● Problem description:
Look for "image" in each line of the entries, and return the matching lines.

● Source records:
● ● ● ● ● ● ●
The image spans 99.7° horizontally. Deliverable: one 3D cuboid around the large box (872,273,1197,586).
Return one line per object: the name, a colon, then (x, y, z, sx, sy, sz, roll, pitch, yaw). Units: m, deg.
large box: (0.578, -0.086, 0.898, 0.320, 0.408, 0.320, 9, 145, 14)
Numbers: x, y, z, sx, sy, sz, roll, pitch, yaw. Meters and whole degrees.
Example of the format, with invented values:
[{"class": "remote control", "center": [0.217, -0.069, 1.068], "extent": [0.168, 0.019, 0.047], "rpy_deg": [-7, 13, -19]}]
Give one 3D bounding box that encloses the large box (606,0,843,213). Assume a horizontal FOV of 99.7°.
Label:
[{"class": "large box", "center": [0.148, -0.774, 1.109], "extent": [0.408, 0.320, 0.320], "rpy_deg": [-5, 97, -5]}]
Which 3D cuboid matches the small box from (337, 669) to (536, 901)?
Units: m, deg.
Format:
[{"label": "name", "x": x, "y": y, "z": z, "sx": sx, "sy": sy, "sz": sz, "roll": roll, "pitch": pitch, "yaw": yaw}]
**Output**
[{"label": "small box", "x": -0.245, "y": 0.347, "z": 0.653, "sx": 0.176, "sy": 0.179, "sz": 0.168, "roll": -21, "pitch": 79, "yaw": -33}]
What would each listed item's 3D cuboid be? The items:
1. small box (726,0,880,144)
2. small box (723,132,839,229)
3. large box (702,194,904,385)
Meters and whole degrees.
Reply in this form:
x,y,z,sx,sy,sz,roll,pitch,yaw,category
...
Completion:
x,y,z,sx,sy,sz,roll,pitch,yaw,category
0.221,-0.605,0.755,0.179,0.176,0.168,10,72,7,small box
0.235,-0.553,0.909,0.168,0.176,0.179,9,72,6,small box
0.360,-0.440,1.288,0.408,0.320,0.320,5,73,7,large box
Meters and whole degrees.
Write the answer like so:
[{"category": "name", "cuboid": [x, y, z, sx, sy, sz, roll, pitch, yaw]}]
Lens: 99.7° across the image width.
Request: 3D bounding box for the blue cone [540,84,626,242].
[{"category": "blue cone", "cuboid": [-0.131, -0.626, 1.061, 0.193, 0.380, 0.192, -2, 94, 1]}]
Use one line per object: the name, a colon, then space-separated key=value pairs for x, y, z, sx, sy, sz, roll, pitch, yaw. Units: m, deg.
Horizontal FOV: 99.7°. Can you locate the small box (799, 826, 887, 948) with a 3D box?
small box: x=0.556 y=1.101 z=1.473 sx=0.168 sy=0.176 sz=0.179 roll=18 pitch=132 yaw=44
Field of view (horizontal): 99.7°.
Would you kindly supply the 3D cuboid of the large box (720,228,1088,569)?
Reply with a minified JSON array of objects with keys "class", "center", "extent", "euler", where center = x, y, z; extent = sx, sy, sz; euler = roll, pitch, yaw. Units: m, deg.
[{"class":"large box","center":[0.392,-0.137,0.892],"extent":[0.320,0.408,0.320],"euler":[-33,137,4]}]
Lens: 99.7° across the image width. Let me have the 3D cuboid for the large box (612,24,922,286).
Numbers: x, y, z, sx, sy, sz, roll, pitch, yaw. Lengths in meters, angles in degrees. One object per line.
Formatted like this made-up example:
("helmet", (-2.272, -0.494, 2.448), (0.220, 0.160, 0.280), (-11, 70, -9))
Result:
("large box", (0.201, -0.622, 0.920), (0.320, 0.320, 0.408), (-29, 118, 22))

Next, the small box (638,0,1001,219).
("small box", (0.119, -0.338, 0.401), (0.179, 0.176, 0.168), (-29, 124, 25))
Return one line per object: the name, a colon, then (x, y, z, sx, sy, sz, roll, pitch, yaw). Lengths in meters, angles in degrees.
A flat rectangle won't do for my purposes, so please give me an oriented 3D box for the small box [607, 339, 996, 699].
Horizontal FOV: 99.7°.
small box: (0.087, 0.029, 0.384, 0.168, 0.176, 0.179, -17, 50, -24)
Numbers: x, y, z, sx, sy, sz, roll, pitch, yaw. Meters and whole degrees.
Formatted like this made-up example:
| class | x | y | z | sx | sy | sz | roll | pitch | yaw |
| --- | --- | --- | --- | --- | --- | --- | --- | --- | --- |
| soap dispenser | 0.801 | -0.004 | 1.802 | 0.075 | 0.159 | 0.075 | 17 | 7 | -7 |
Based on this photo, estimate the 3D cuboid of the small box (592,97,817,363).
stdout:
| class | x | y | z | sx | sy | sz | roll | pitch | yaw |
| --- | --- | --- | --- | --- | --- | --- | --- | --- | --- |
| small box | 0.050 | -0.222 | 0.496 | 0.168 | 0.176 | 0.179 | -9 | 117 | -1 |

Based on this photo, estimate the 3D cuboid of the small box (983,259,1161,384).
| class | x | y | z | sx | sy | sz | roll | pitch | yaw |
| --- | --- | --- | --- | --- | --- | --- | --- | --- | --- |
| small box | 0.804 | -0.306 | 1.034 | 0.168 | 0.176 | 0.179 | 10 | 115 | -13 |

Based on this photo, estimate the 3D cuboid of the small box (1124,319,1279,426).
● ● ● ● ● ● ●
● Problem solution:
The image spans 99.7° horizontally. Deliverable: one 3D cuboid around the large box (872,273,1197,586).
Lens: 99.7° across the image width.
Lens: 99.7° across the image width. Let me have the 3D cuboid for the large box (612,24,922,286).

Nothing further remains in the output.